Nach WK, genau so sorgfältiger wie geduldiger Desinfektion, WF und chirurgischer Kronenverlängerung an 17 (mesiale Rille im Knochen, um die Krone sichert auf Zahn zu platzieren), haben wir auf denselben Pfeilern wie vor 17 Jahren eine neue Brücke zementiert. Weil der Pfeiler 17 jetzt deutlich schwächer war, haben wir ihn diesmal mit der Krone auf Zahn 18 parodontalfreundlich verblockt. Die gesamte Konstruktion hat damit wieder einen Lockerungsgrad von L=0. In der Folge sind wir durchaus guten Mutes, dass die neue Brücke auch wieder viele Jahre ihren guten Dienst tut.

Man mag zu unserer „Barfuß-Zahnheilkunde“ stehen, wie man will. Sicher ist:

Die Zahnheilkunde, die heute von in hohem Maße verbal-aktiven Kolleginnen und Kollegen so gerne als „zeitgemäß“ bezeichnet wird, ist den Beweis bisher schuldig geblieben, dass eine prothetische Versorgung auf Implantaten bei diesen miserablen Knochenverhältnissen nach Augmentation mit Knochen aus dem Beckenkamm (oder sonst woher, oder nicht autolog, oder wie auch immer) mit guter Wahrscheinlichkeit voraussagbar die als Minimum zu fordernden 10 Jahre überstehen wird. Und dass man – wie in diesem Fall – noch dazu nach 17 Jahren auf denselben Pfeilern eine neue Brücke eingliedern kann, die mit guter Wahrscheinlichkeit in der Lage sein wird, 30 Jahre funktionell erfolgreicher prothetischer Versorgung in einem besonders schwierigen Fall voll zu machen. Und es wird auch noch sehr, sehr lange dauern, bis dieser Beweis erbracht werden wird, wenn es denn überhaupt jemals gelingt. Nicht nur zu meinen Lebzeiten sicher nicht.

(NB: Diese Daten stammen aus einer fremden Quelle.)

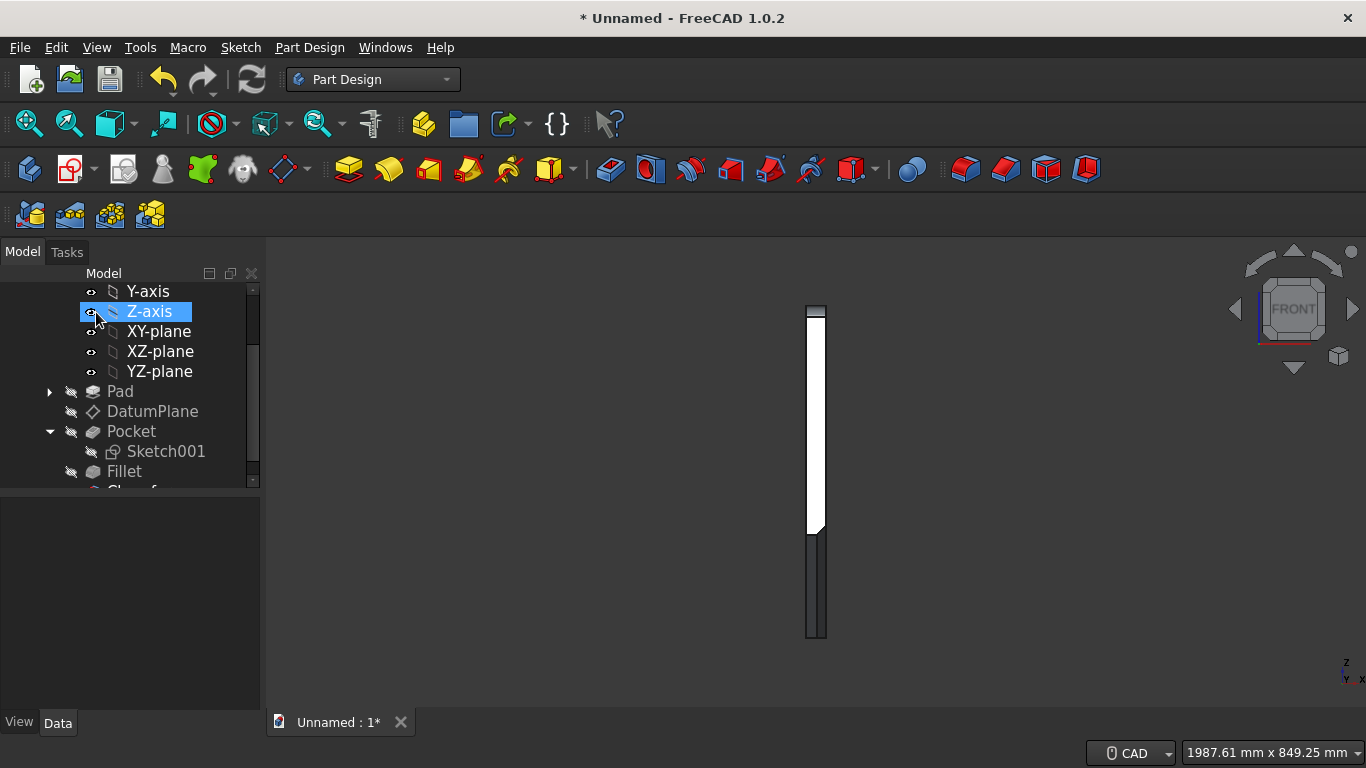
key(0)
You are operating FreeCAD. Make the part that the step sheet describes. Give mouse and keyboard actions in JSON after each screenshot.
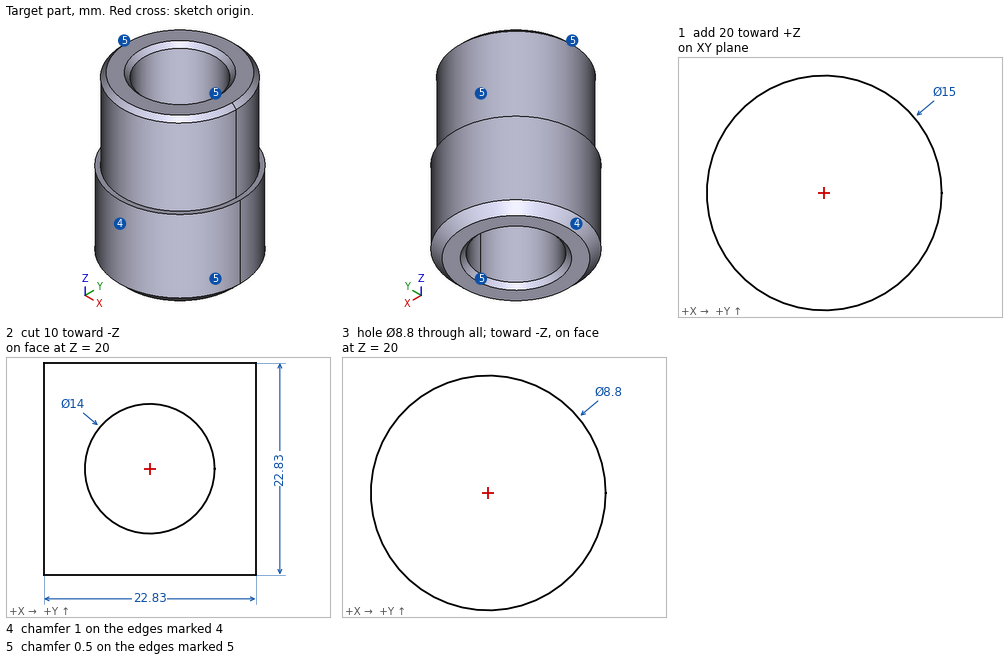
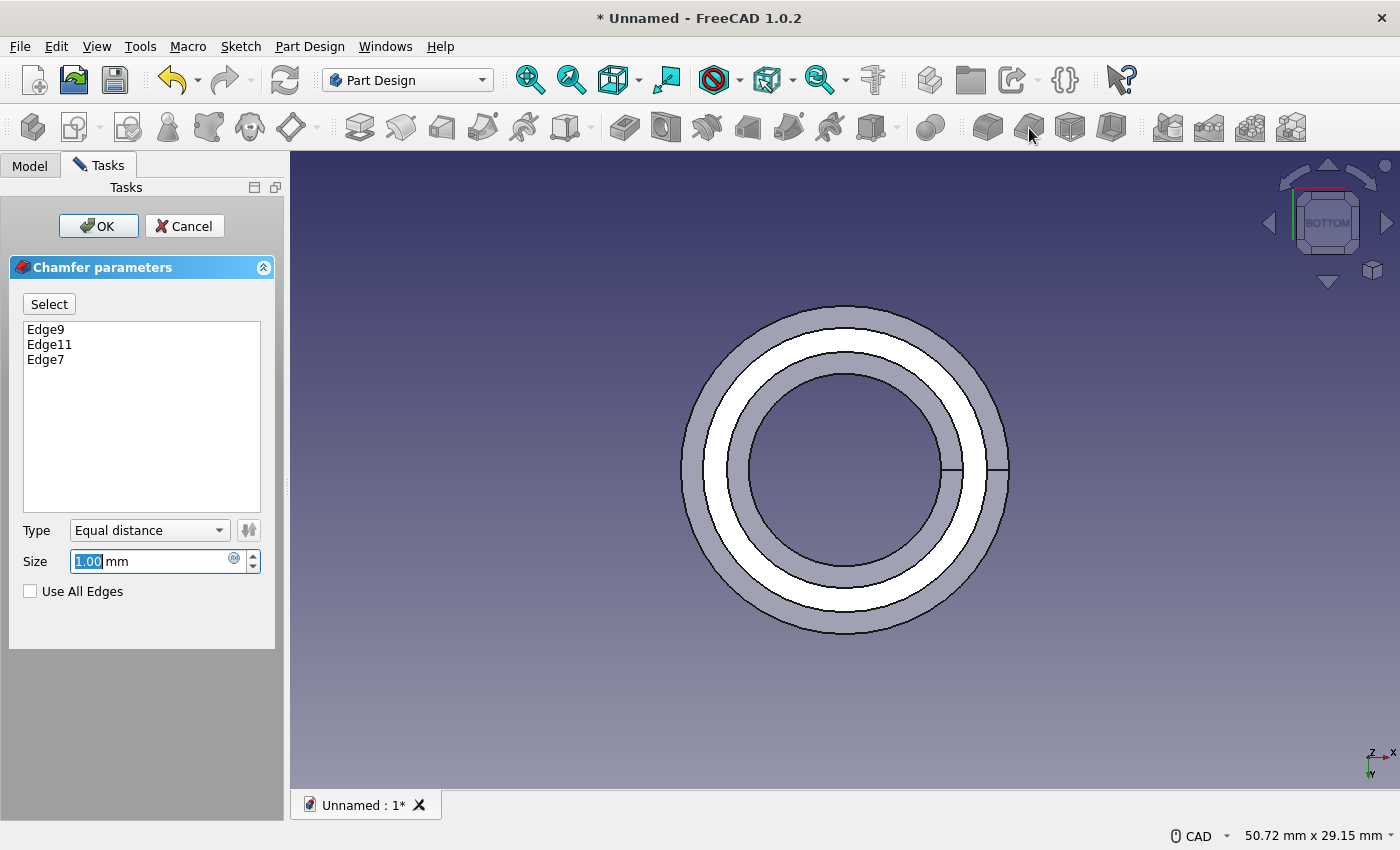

Und noch etwas ist sicher und muss an dieser Stelle gesagt werden: Auch wenn man noch so gerne implantiert, oder als Überweiser einen auch noch so modernen Eindruck hinterlassen möchte, darf man nicht übersehen, dass es zur gesetzlich genau wie ethisch unabdingbaren Aufklärung gehört, den Patienten klipp und klar darauf hinzuweisen dass in diesem Fall die Brückenversorgung die eindeutig bessere Prognose hat. Und man muss sich im eigenen und im Interesse des Patienten davor hüten, sich das Gegenteil ein- und schönzureden, oder sich einreden zu lassen. Den Patienten, der sich nach einer dem Stand der Wissenschaft entsprechenden Aufklärung für die implantologische Variante entscheidet, möchte ich erst einmal sehen.

Auch wenn es dato mehr Implantatsysteme als wissenschaftlich ernstzunehmende implantologische Studien zu geben scheint, weil letztere wahrscheinlich deutlich weniger einbringen, gibt es daran – auch aus zahnärztlich- wissenschaftlicher Sicht – überhaupt keinen Zweifel.